Johnson v. Knowlton

Shepley, C. J.

—*• This suit appears to have been commenced to recover compensation for services performed and money expended for floating logs in Sandy river. It is stated in the report of the case to have been admitted before arbitrators, that the services had been performed and the expenditures made by the plaintiff; and that the only objections made to his account were, that the price charged for services was too high, and that he and the defendants were co-partners.

In defence it appeared, that the plaintiff and defendants executed mutual bonds on February 23, 1852, containing recitals, that differences had arisen between the parties concerning the purchase of certain timber lands, “and a lum*470bering operation upon the same, including the running the lumber and all other demands and incidental expenses growing out of the entire operationand by which the parties “ agreed to submit and refer the said differences and all other demands between the said parties of whatsoever nature” to three persons as arbitrators, who after hearing the parties, made their award in writing on April 10, 1852, by which they determined, “ that neither of said parties is indebted to the other.”

It appeared, that other arbitration bonds were executed on the same day between the plaintiff and David Ingham of the one part and the defendants of the other part, and between David Ingham of the one part and the defendants of the other part; and that their respective claims were submitted to the decision of the same arbitrators; and that they were all heard during the same session of the arbitrators, who at that time made an award in each of the three cases.

The plaintiff’s counsel at the trial of this case insisted, “ that the awards were all to be taken together and might explain each otherand testimony was “ offered to prove, that no claim at said hearing was presented in favor of David Ingham and said plaintiff for running or driving the lumber in the Sandy river, and that the labor performed by plaintiff was upon hire by the day, and money paid out and expenses incurred in driving said lumber was by contract with defendants,” “ which evidence was ruled out by the Court.”

. It does not appear, that the presiding Judge expressed any opinion upon the positions asserted by the counsel further than to exclude the testimony offered ; and, the decision according to the conclusion oí the report must be made upon the correctness of the rulings at the trial,

The testimony, offered to prove that the plaintiff and Ingham did not present to the arbitrators any claim for running lumber, could have no tendency to prove, that the plaintiff’s claim for such services was not fully and fairly considered and decided by the arbitrators. Nor would the testimony offered to prove, that the plaintiff performed his labor “ upon hire by *471the day,” and that “ the money paid out and expenses incurred was by contract with the defendants,” have any such tendency. This might all be true and yet upon a full and impartial hearing he might not be entitled to recover any thing from the defendants.
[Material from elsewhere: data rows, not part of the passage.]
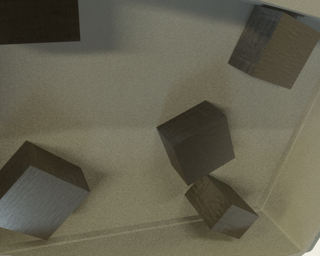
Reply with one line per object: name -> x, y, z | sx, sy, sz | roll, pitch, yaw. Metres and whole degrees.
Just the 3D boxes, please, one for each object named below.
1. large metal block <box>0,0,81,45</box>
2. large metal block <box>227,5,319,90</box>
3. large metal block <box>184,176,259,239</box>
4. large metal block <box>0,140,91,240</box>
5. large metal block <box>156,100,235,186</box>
large metal block -> -0.114, -0.103, 0.247 | 0.081, 0.080, 0.050 | -10, 123, -23
large metal block -> 0.150, -0.105, 0.410 | 0.081, 0.050, 0.079 | 10, 113, -33
large metal block -> 0.100, 0.126, 0.506 | 0.080, 0.080, 0.050 | 30, 102, -38
large metal block -> -0.143, 0.074, 0.360 | 0.080, 0.050, 0.080 | -48, 129, 5
large metal block -> 0.052, 0.021, 0.433 | 0.080, 0.050, 0.080 | -29, 128, -10
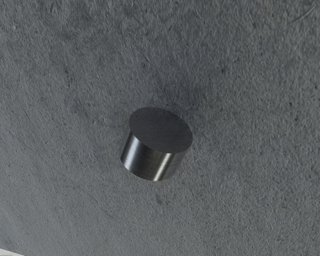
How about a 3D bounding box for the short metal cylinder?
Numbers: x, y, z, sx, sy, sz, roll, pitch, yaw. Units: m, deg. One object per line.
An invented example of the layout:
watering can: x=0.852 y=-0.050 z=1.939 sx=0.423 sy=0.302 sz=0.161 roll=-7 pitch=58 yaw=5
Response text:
short metal cylinder: x=-0.006 y=0.019 z=0.387 sx=0.080 sy=0.080 sz=0.050 roll=31 pitch=128 yaw=8
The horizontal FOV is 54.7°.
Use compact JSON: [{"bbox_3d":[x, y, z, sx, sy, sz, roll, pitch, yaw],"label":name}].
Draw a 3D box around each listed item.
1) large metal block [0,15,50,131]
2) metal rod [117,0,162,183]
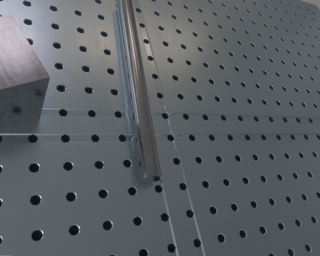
[{"bbox_3d":[-0.162,-0.054,0.319,0.050,0.080,0.080,-25,75,-37],"label":"large metal block"},{"bbox_3d":[-0.034,-0.071,0.433,0.025,0.025,0.299,4,60,-26],"label":"metal rod"}]
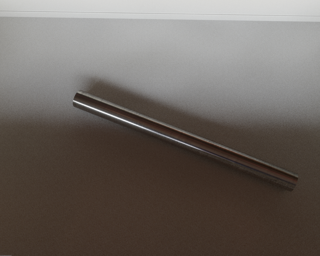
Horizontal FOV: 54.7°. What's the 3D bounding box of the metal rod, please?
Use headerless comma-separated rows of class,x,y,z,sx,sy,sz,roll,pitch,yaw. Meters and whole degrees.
metal rod,0.027,0.014,0.404,0.301,0.025,0.025,21,71,7
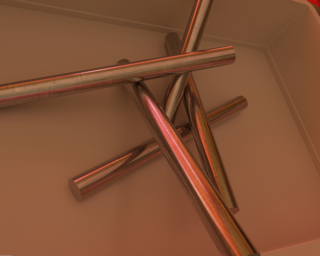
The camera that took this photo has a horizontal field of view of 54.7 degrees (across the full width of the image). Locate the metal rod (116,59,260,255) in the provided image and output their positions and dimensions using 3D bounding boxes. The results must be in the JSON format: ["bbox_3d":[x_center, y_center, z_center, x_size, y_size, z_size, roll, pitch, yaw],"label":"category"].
[{"bbox_3d":[0.005,0.006,0.328,0.025,0.025,0.300,0,38,-28],"label":"metal rod"}]

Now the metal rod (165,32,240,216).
[{"bbox_3d":[0.046,-0.028,0.418,0.025,0.025,0.299,7,50,-25],"label":"metal rod"}]

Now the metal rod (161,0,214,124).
[{"bbox_3d":[0.051,-0.146,0.423,0.025,0.025,0.299,19,86,-17],"label":"metal rod"}]

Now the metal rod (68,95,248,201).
[{"bbox_3d":[0.022,0.011,0.409,0.302,0.025,0.025,-25,76,-37],"label":"metal rod"}]

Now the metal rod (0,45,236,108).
[{"bbox_3d":[-0.047,-0.063,0.367,0.302,0.025,0.025,-13,68,-17],"label":"metal rod"}]
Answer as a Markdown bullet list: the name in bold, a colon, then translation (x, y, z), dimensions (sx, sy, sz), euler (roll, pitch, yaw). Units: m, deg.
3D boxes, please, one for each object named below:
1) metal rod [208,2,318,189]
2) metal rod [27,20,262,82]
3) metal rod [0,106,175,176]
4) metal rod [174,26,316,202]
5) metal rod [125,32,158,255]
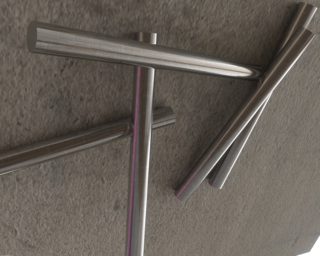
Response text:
- **metal rod**: translation (0.146, -0.035, 0.466), dimensions (0.025, 0.025, 0.298), euler (9, 114, -33)
- **metal rod**: translation (0.016, -0.074, 0.337), dimensions (0.302, 0.025, 0.025), euler (-2, 120, -40)
- **metal rod**: translation (-0.122, 0.024, 0.355), dimensions (0.302, 0.025, 0.025), euler (-17, 125, -19)
- **metal rod**: translation (0.112, -0.008, 0.449), dimensions (0.025, 0.025, 0.298), euler (20, 112, -36)
- **metal rod**: translation (-0.025, 0.040, 0.375), dimensions (0.025, 0.025, 0.298), euler (-3, 106, -27)
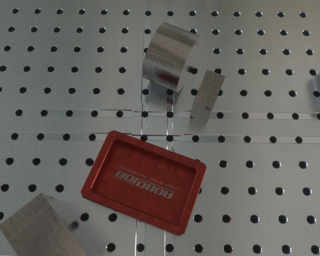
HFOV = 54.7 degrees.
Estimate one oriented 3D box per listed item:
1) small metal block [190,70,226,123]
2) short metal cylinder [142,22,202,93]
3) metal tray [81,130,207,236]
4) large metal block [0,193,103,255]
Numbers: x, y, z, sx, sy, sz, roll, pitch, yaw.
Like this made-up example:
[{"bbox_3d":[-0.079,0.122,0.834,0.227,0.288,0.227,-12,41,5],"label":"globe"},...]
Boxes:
[{"bbox_3d":[0.063,-0.041,0.414,0.025,0.050,0.050,22,72,7],"label":"small metal block"},{"bbox_3d":[0.017,-0.094,0.417,0.050,0.080,0.080,24,72,8],"label":"short metal cylinder"},{"bbox_3d":[-0.018,0.067,0.384,0.131,0.030,0.090,20,71,7],"label":"metal tray"},{"bbox_3d":[-0.113,0.123,0.337,0.050,0.080,0.080,-39,75,-13],"label":"large metal block"}]
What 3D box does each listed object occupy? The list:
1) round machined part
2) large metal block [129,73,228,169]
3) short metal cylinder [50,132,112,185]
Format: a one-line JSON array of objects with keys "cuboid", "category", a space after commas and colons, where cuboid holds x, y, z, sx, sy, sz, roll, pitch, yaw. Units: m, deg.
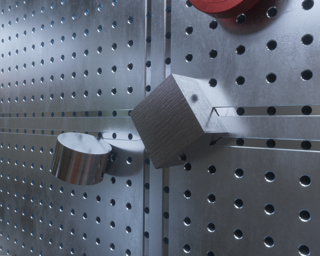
[{"cuboid": [0.078, -0.167, 0.333, 0.098, 0.042, 0.097, 0, 90, 39], "category": "round machined part"}, {"cuboid": [0.020, -0.007, 0.375, 0.080, 0.050, 0.080, -40, 66, 32], "category": "large metal block"}, {"cuboid": [-0.119, 0.045, 0.469, 0.080, 0.081, 0.050, 28, 107, 36], "category": "short metal cylinder"}]
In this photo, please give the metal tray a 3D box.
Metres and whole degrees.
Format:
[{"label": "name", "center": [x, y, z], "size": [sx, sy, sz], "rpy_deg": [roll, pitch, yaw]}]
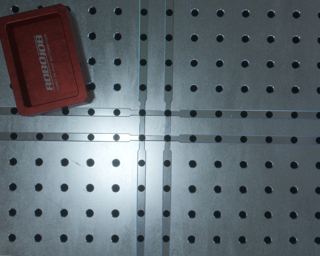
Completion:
[{"label": "metal tray", "center": [-0.150, -0.087, 0.408], "size": [0.091, 0.030, 0.129], "rpy_deg": [-13, 90, -1]}]
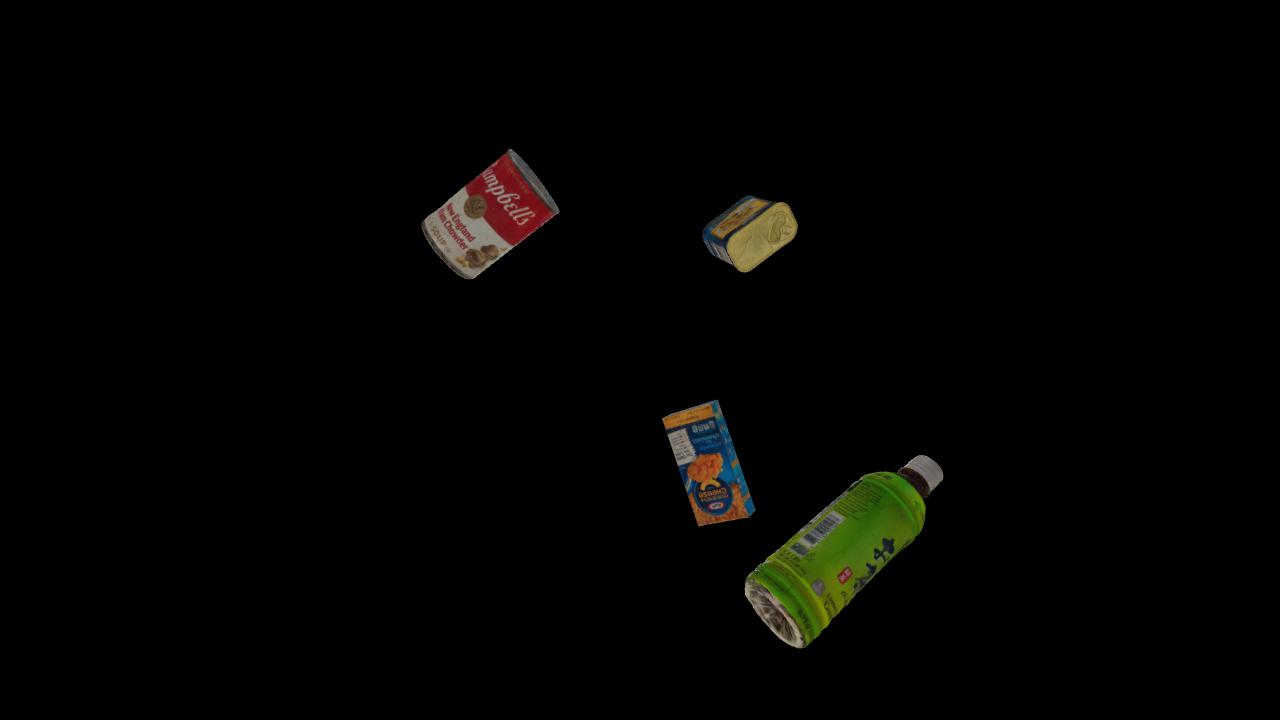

For it appears, that they contended, that he was a partner with them in the business; and the report states, that “ other accounts were presented as partnership accounts.”

The paper E, subscribed by all the parties concerned in the three awards and bearing date on February 22, 1852, also admits that they all had accounts for running, driving and marking the lumber.” It does not therefore follow, that any injustice was done to the plaintiff or that his claims were not fully considered and decided, because the defendants were not found to be indebted to him, although no claim was presented by him and Ingham jointly for like services.

The plaintiff also “ offered evidence to prove, that there was due plaintiff and Ingham for hauling the timber, for driving which this action is brought, the amount of §1400, for the purpose of showing, that the papers marked B and C were applicable to that debt, which evidence was rejected by the Court.” The papers referred to were of no importance to the defence, which rested upon the conclusiveness of the award.

Testimony to prove, that they ought not to he allowed in this suit in set-off could have no influence to relieve the plaintiff’s claim from the effect of the award upon it.

The testimony offered and not received, having no tendency to prove, that the plaintiff’s claim was not considered and decided by the arbitrators without partiality or fraud was properly excluded.

The presiding Judge was requested “ to rule that the evidence introduced shew, that all matters submitted to arbitrators were not adjudicated upon by them, and that the award on that account was void.” Without objecting that this required the Court to decide a matter of fact, it may be ob*472served, that no testimony has been noticed or pointed out authorizing the Court to come to such a conclusion.

The Judge was further requested to rule, “ that the fact of so large an account being admitted to be due to the plaintiff from the defendants, as aforesaid, and the referees awarding, that nothing was due the plaintiff from defendants, furnish evidence, from which the jury might infer such a degree of partiality on the part of the referees as would render the award void,” which ruling the Court refused.

A fatal objection to a compliance with this request is, that it would authorize the jury to decide the case upon a part and not upon the whole of the testimony introduced.

It is quite apparent also, that the arbitrators might have conducted with perfect fairness and impartiality, without finding any thing due to the plaintiff on an account for services admitted to have been performed, by finding that he was a partner with the defendants, and that upon a fair adjustment of all the partnership concerns the defendants were not indebted to him. Plaintiff nonsuit.

Tenney, Howard and Appleton, J. J., concurred.